The alleged fall occurred on December 8, 1937, at Dayton, Tennessee. The original plaintiff Luther Denton died July 1, 1938, and the suit was thereupon revived by the widow, Ethel Denton, who qualified as administratrix of the estate. The declaration of the administratrix adopted the averments of the original declaration and, in addition, charged that the intestate, Luther Denton, died as a result of said fall. Upon the trial of the case, the circuit judge, upon motion of defendant Railway Company, directed a verdict in its favor insofar as plaintiff, administratrix, sought to recover for the death of said Luther Denton, there being no evidence that his death resulted from the fall. From this action the administratrix has not appealed.

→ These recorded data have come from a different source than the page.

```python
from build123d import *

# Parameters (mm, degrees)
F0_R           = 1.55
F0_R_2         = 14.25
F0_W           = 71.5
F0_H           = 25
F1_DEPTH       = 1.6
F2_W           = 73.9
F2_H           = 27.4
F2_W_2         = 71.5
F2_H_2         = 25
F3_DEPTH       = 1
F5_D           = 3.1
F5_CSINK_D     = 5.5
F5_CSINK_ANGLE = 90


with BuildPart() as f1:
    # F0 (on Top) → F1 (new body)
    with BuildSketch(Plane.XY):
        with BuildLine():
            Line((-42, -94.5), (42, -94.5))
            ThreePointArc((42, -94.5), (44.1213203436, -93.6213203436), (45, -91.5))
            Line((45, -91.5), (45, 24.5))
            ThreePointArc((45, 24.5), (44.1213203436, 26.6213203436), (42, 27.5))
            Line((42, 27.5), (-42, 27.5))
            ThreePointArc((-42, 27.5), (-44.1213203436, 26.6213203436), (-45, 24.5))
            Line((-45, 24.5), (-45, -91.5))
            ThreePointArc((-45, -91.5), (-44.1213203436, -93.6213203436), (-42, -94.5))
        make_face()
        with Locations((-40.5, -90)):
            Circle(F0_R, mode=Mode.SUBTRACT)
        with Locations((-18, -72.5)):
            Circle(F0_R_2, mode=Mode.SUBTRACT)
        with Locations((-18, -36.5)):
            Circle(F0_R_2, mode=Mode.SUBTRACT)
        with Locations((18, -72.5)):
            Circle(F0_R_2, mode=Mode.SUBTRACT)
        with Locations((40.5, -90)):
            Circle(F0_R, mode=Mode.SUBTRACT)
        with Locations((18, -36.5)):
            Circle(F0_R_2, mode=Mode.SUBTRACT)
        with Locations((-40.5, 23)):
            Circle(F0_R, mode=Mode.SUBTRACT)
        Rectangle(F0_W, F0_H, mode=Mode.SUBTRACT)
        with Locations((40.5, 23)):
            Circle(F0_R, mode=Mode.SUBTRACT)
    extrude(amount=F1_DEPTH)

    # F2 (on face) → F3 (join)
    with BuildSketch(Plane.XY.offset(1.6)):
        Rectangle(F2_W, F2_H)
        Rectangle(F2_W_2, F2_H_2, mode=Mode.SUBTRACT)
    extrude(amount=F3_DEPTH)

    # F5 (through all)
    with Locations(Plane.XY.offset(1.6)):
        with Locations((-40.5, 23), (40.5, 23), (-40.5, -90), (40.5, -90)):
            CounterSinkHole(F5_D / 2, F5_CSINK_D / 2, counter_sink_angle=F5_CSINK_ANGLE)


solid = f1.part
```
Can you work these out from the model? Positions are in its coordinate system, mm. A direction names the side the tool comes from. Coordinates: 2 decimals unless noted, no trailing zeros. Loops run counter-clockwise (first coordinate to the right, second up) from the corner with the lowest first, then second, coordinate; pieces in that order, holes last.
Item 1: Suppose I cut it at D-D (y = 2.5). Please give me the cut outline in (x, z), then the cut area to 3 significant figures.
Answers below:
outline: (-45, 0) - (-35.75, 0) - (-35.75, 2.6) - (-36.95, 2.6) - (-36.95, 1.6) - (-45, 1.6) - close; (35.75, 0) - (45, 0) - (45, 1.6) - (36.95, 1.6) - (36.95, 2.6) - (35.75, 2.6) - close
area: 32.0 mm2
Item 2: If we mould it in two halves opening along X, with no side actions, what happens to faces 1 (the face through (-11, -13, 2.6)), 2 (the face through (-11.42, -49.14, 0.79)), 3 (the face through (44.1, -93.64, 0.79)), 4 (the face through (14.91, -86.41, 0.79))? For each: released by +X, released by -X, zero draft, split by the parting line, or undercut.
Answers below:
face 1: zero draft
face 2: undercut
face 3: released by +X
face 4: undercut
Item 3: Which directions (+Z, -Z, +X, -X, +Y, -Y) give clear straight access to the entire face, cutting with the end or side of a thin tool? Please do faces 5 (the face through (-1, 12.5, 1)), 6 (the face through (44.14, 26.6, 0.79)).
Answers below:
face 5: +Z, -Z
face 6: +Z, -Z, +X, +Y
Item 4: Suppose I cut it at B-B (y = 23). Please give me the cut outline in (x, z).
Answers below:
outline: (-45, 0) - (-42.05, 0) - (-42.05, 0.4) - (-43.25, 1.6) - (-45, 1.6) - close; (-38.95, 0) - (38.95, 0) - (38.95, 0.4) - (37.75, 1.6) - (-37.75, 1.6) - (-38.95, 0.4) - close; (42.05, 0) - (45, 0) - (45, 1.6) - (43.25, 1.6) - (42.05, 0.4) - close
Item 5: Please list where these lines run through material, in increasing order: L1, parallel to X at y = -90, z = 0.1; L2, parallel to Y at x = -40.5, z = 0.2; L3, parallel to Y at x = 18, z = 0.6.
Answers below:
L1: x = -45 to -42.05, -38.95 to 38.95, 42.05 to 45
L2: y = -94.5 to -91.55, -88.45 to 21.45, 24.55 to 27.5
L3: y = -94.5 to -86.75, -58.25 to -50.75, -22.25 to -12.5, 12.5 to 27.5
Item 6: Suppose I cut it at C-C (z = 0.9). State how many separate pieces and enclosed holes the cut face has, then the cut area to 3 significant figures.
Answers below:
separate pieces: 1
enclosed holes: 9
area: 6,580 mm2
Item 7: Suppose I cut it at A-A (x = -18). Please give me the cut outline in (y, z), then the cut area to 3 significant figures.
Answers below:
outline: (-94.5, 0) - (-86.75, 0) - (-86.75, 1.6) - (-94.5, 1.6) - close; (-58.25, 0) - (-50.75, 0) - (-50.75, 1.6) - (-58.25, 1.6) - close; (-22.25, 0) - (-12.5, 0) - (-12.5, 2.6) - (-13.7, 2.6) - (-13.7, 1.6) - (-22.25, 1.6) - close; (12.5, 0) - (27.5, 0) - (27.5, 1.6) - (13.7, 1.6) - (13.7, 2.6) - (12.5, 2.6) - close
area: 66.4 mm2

The court otherwise overruled defendant's motion for a directed verdict and submitted the case to the jury as one to recover for personal injuries, loss of time, medical expenses, etc. The jury returned a verdict for $1,500 in favor of the administratrix and, its motion for a new trial having been overruled, the Railway Company has appealed in error to this court, insisting that there is no evidence to sustain a jury finding that the deceased fell as the result of a sudden and violent jerk of the train as charged in the declaration and that there is no evidence to sustain a finding that defendant *83 breached its duty of providing medical attention and treatment after the deceased had alighted from the train at Dayton.

It is conceded that unless the testimony of Luther Denton, taken by deposition before his death, may be found to be so self-contradictory and inconsistent as to amount to no evidence, there is some material evidence upon which the jury may have based a finding that Denton fell as a result of a violent and unusual movement of the train. Defendant's insistence, in this connection, is that Denton's testimony, the only evidence offered by plaintiff upon the subject, is as much to the effect that he fell as a result of stepping on an orange peel as it is to the effect that he fell as a result of the negligence of the defendant charged in the declaration. It is insisted that, since the evidence offered by defendant affirmatively shows that there was no sudden and violent movement of the train causing the deceased to fall but that he fell as a result of stepping on an orange peel, a cause for which defendant would not be liable, there is no evidence to sustain the finding of the jury.

Luther Denton testified that he intended to get off the train at Dayton; that when the flagman called the station he arose from his seat and held to the back of the seat; that when the flagman called the station the second time he left his seat and started toward the front of the coach. As to what then occurred he testified:

"I started and took about 2 steps and there was a sudden jar that threw me off my feet on my right hip here. . . .

"Q. When the train gave a sudden jar what happened to you? A. My feet went out from under me.

"Q. Did you fall? A. Yes, sir."

On cross-examination, he testified as follows:

"Q. What caused you to fall, Mr. Denton? A. The jar of the locomotive, I could not tell. If it was not the jar from the train I could not tell what else. It was bound to be something in the train that throwed me. I was working and stout. There was nothing wrong with me. Working every day in the week; walking four miles on the mountain; standing up there 16 hours every night for the W.P.A.

"Q. Do you really know what caused you to fall? A. The jar of the train in some way.

"Q. The jar of the train coming to a stop? A. Yes, sir. I could not say what else it could have been.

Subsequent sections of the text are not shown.